Hacker News new | ask | show | jobs
by RNAlfons 1574 days ago
Make it an easy installable/runable Windows application and it will spread like wildfire.
2 comments

If it was only that easy. To make distributed archiving as high quality as possible, you need reproducible environments as much as possible, which is why the "official" way of participating is to run virtual machines, instead of directly on the host.

Not sure why this 3rd party is the submission site rather than the official page, which is this: https://wiki.archiveteam.org/index.php/ArchiveTeam_Warrior

Has a couple of different installation methods as well.

Yep, Using Virtual box is rather easy to get the warrior running!
Why even require that? If the data in question is available over HTTP, it should be as easy as opening a page from the relevant origin in a browser tab, optionally opening a second tab for a "Warrior Dashboard", then invoking a bookmarklet on the former to slurp up data by XHR &tc. (If it's necessary to cross origins as the thing roves around, the dashboard can alert you to this while it continues doing what it can with the first origin. Just have the human return to the dashboard from time to time and repeat the second step to run as many in parallel as they want.)
Full Archival with the standards required by the Internet Archive require that full unmodified headers are required, and unmodified content.
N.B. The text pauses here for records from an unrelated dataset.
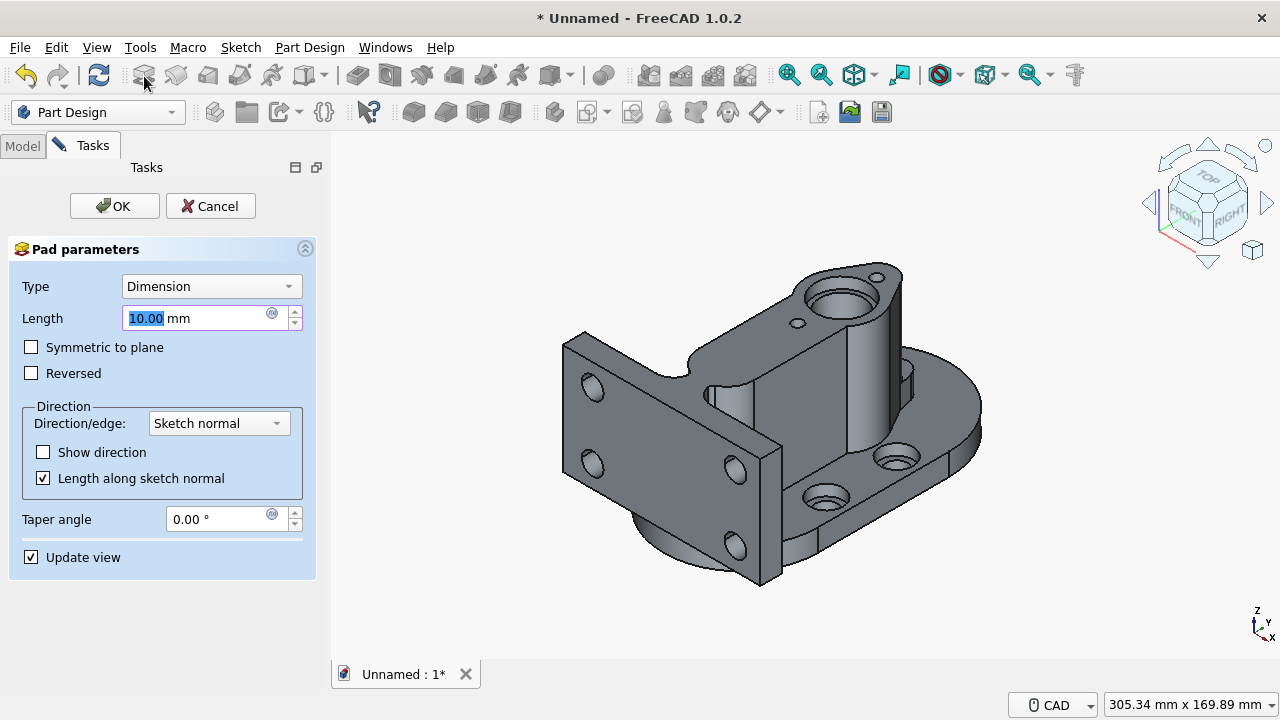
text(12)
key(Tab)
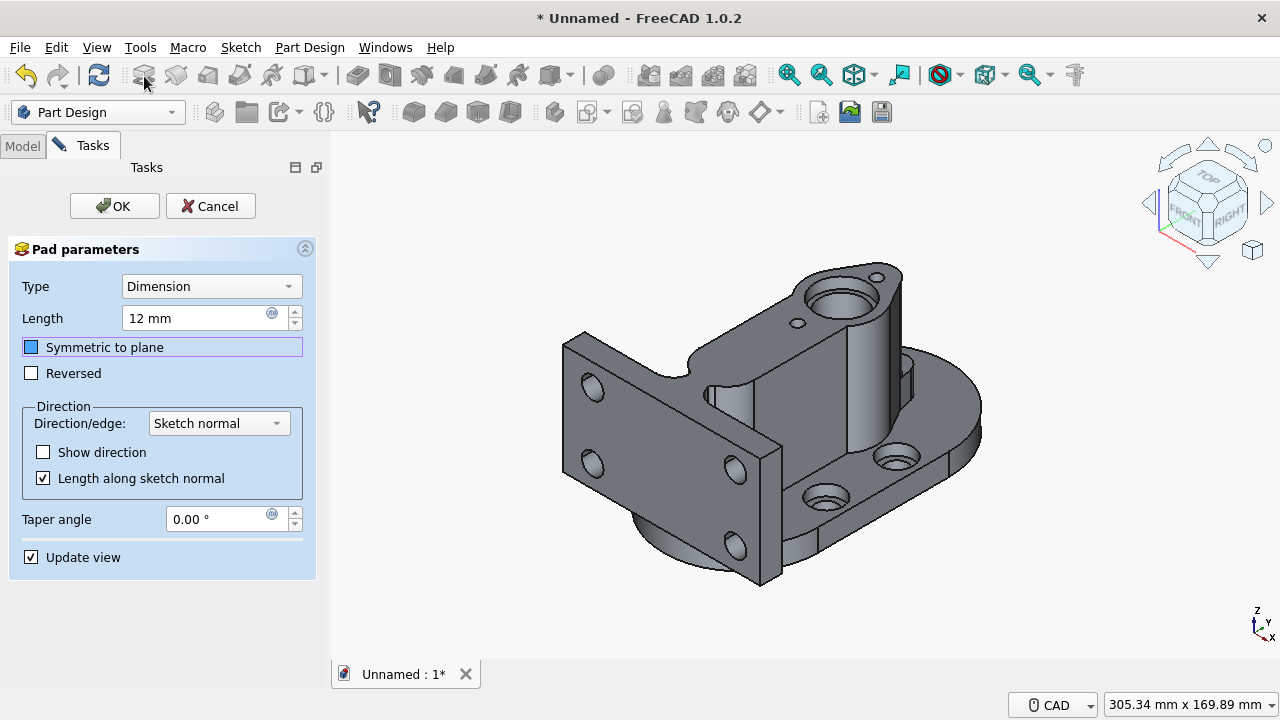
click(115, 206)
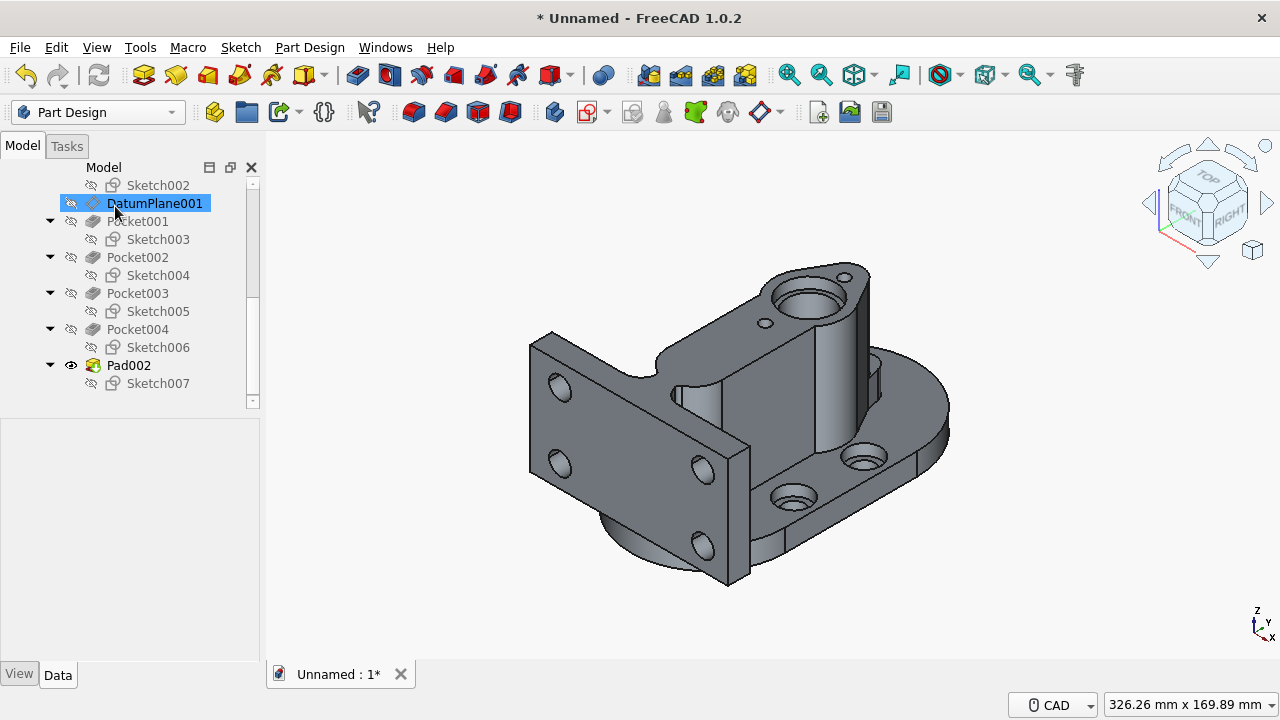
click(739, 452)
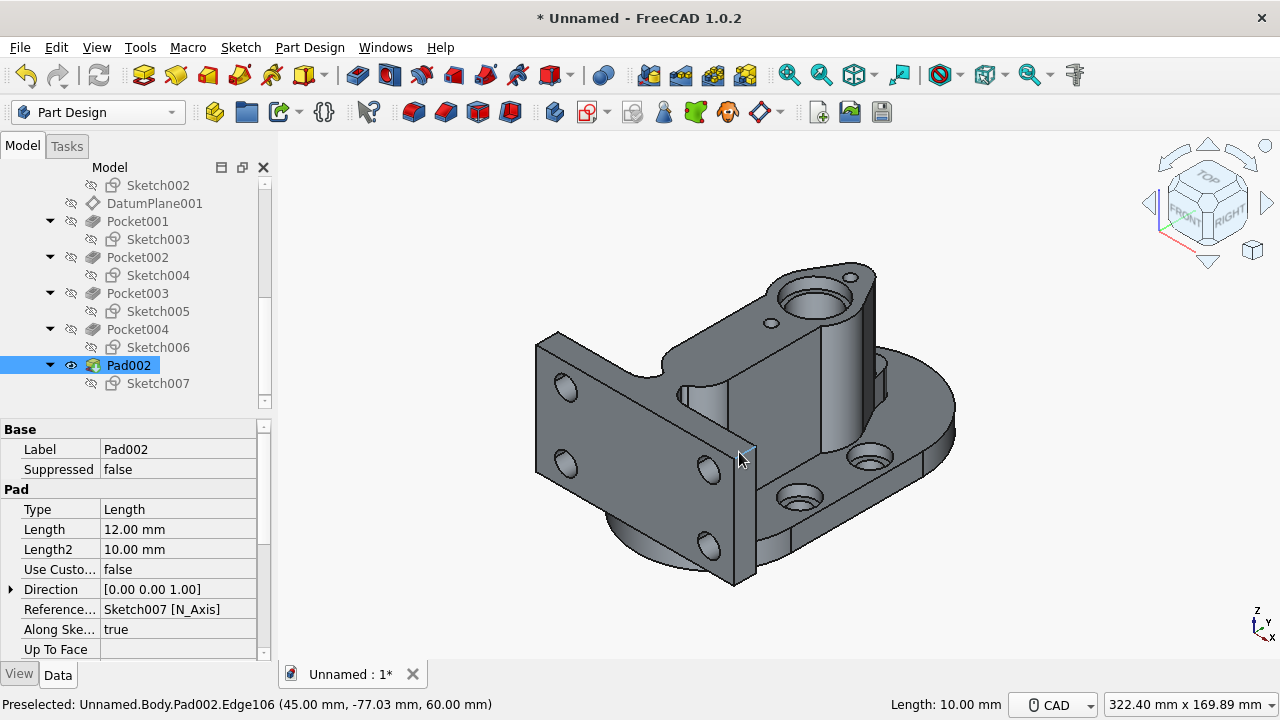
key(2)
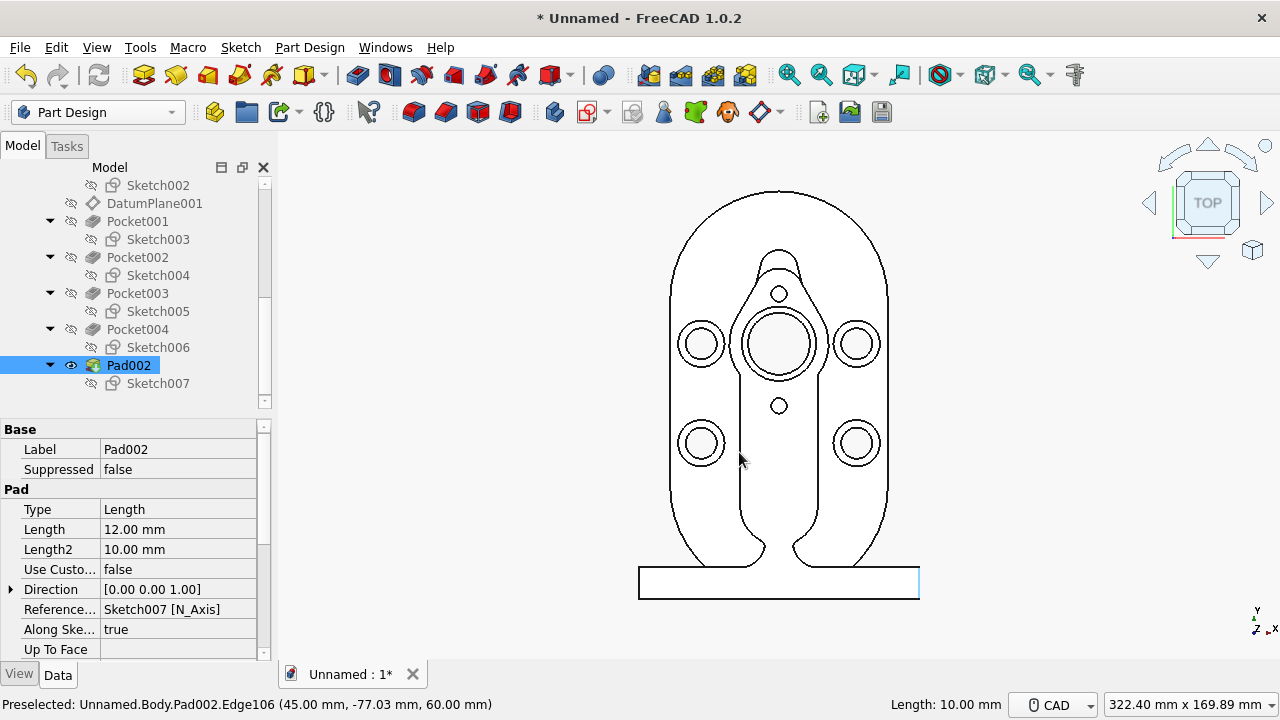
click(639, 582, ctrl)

This tends not to work well with modern browsers. Chrome and Firefox both fail at this currently. Someone is looking into a kind of modified Firefox to help with this. but its just not that how this system works. Now the Archive.org does have a API of sorts to say hay archive this URL, and a little working on the backend goes and does it..

What the Archive Team does is on a much more massive scale. Like SETI at home scale of scraping data across the internet. At almost every point we have had to make custom tools to ensure it meets our needs in our archival efforts.

> standards required by the Internet Archive require that full unmodified headers are required

Sure, this would not be a solution for the Wayback Machine, but would be adequate[1][2] for lots of non-Wayback collections (of the sort that Archive Team is associated with).

1. https://twitter.com/textfiles/status/970912494284779520

2. http://ascii.textfiles.com/archives/4285

Similar: github.com/InternetArchive/warcprox
That would be awesome, do you think you could write that?
I'd definitely be interested in working on getting as close as possible if the grant money were to appear.